After doggedly trying to prevent Parliament from impeaching her for the past two years, Public Protector Busisiwe Mkhwebane has been removed from office.
In a first for democratic South Africa, the head of a Chapter Nine institution -- created to protect constitutional rights -- has been impeached.
Just over a month before she was due to receive a R10-million payout after her non-renewal seven-year term, Parliament voted on the Section 194 hearing's conclusion that she should be impeached.
It followed numerous court judgments that questioned her competence and grasp of the law required by a figure as important as the public protector.
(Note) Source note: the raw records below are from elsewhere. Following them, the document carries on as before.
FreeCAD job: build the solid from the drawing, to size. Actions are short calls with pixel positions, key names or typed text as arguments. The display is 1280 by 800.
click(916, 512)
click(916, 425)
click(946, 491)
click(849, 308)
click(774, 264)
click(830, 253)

Some of the charges against her were that she wasted money in fruitless and unsuccessful attempts to defend her reports after they were overturned by the courts.
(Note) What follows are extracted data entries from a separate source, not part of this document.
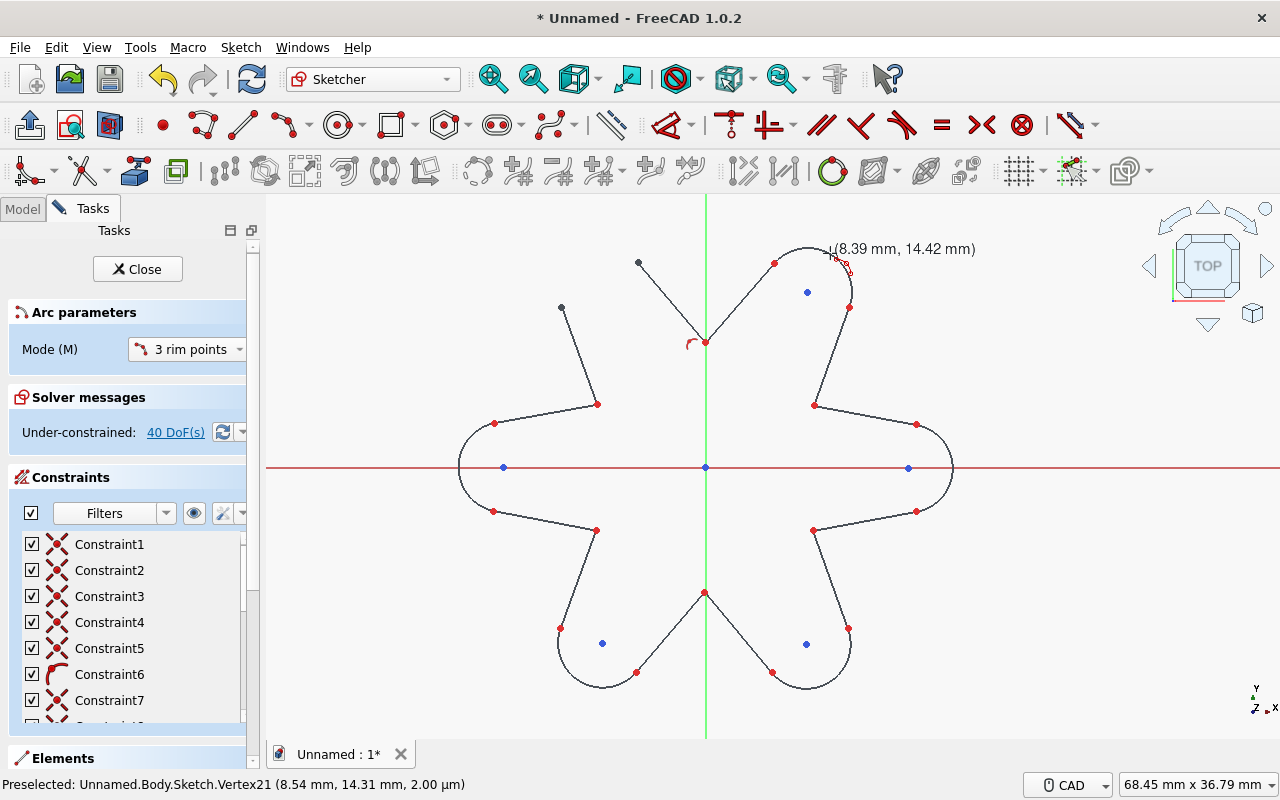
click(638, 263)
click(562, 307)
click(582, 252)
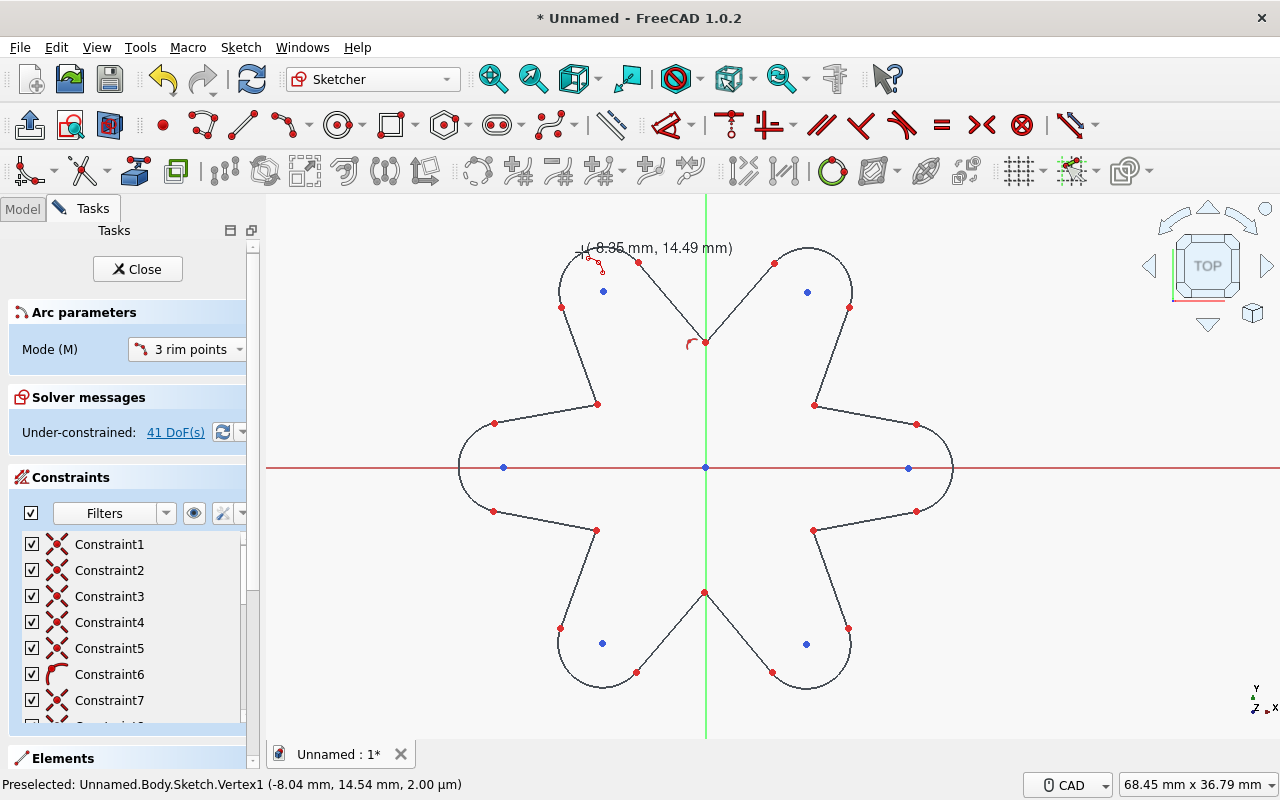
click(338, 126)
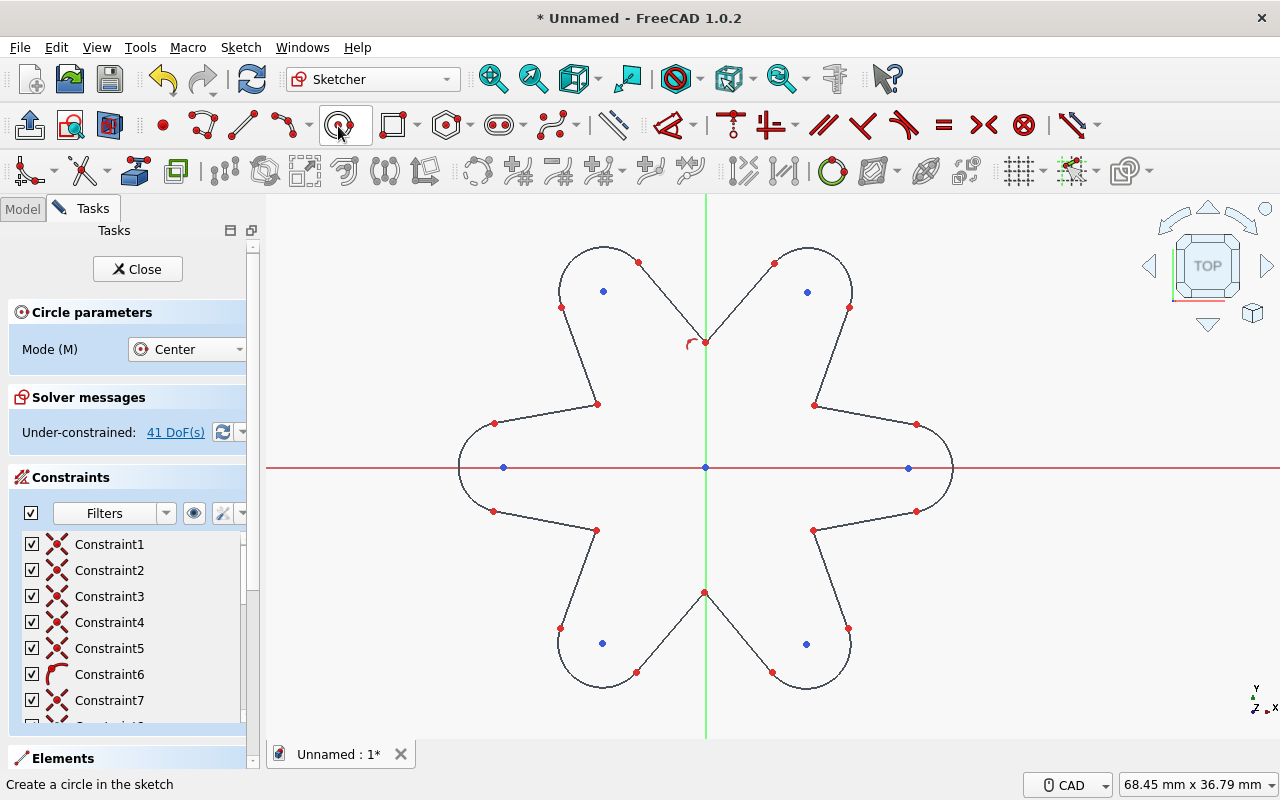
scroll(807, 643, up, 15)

She spent an estimated R147 million on legal fees -- and over R30 million defending herself at the Section 194 hearings.
"Ours was not an enquiry which rubber-stamped the findings of the independent panel or the courts," said Richard Dyantyi, the chairperson of the Section 194 committee, referring to the hearings which found her guilty of misconduct and incompetence.
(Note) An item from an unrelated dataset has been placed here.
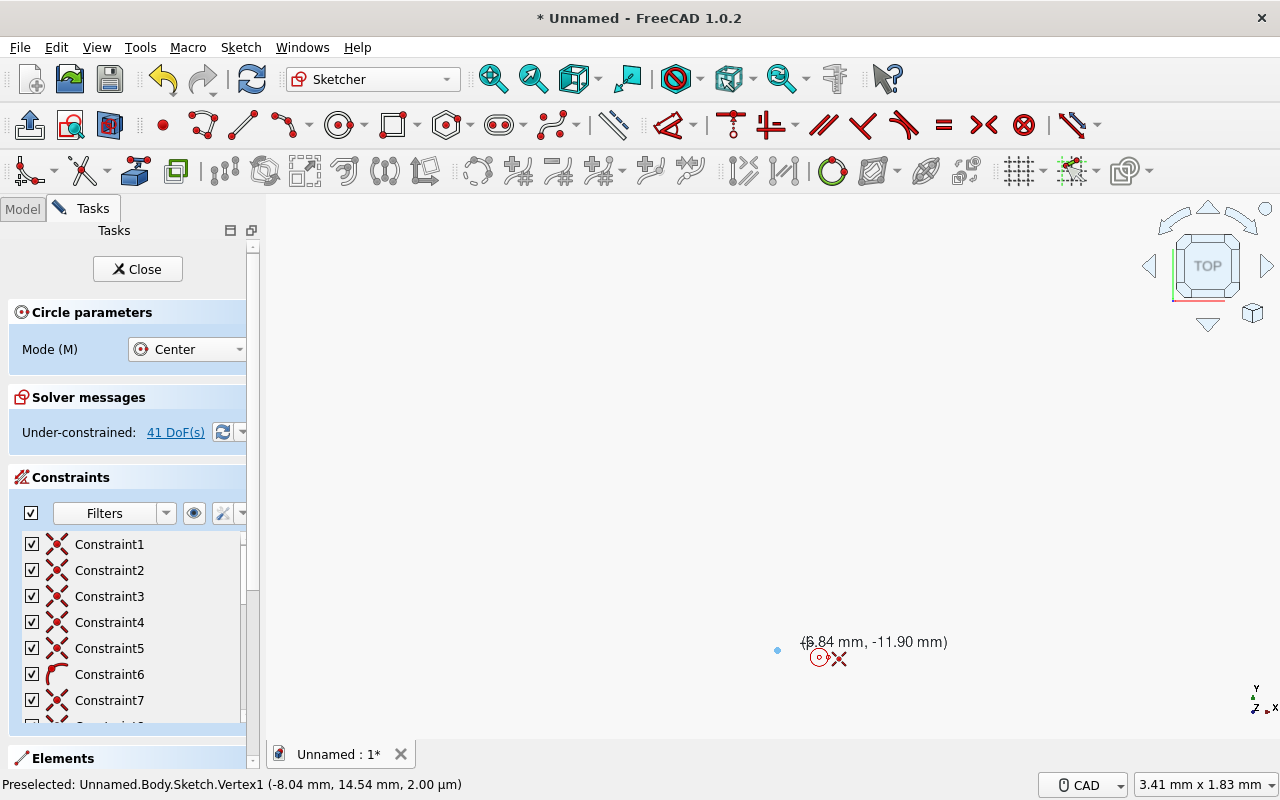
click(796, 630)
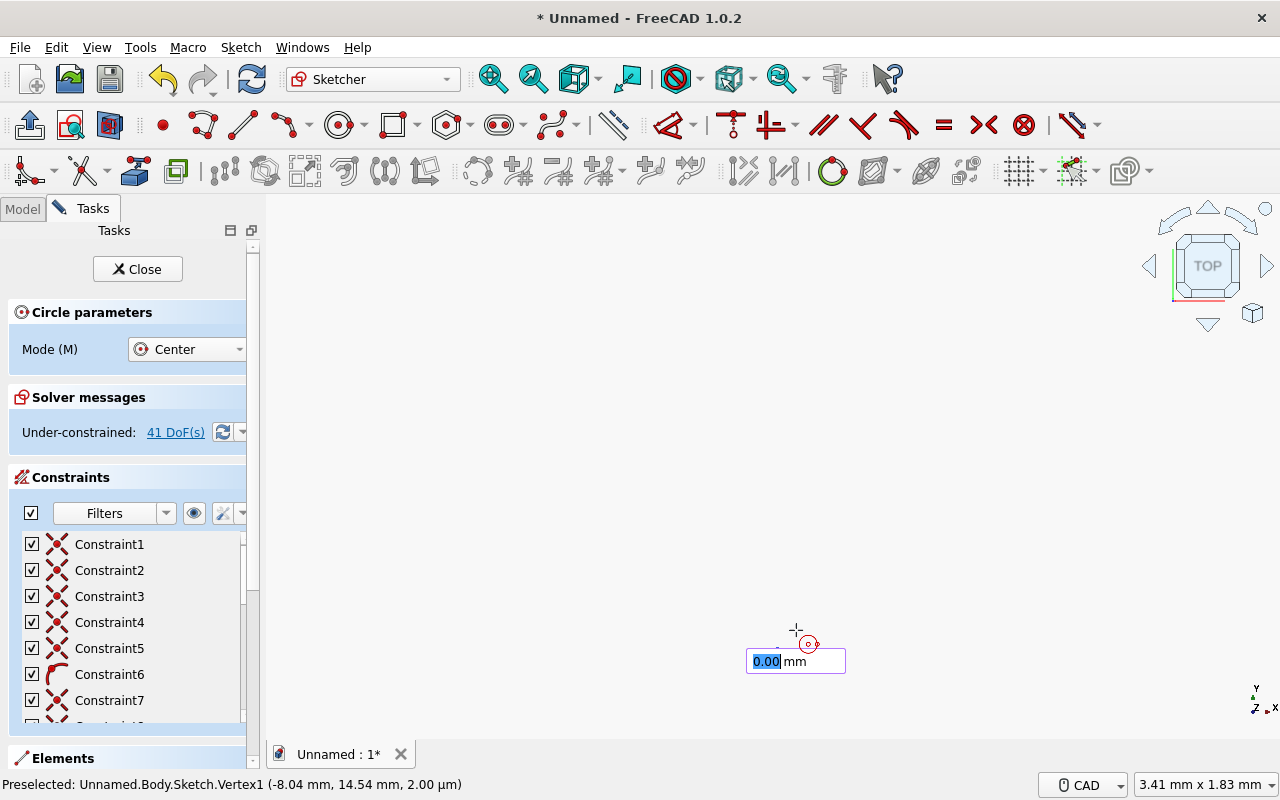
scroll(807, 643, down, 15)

"On the contrary, we heard hundreds of hours of testimony and were seized with copious documentary evidence. Where we have established misconduct and incompetence, we are confident that advocate Mkhwebane did not raise any valid defence for her conduct to sway us.
"In fact, the enquiry unearthed even further examples of misconduct and incompetence that had this committee not adduced evidence in the manner that it did, would have never come to the fore."
Her legal challenges saw Seanego Attorneys receive R55 million, while advocate Dali Mpofu SC, who represented her at the hearings, was the highest-paid advocate with R12 million.
The section 194 hearing followed the National Assembly in 2021 recommending that Mkhwebane be investigated for misconduct and incompetence after her most controversial investigations were all overturned by the courts.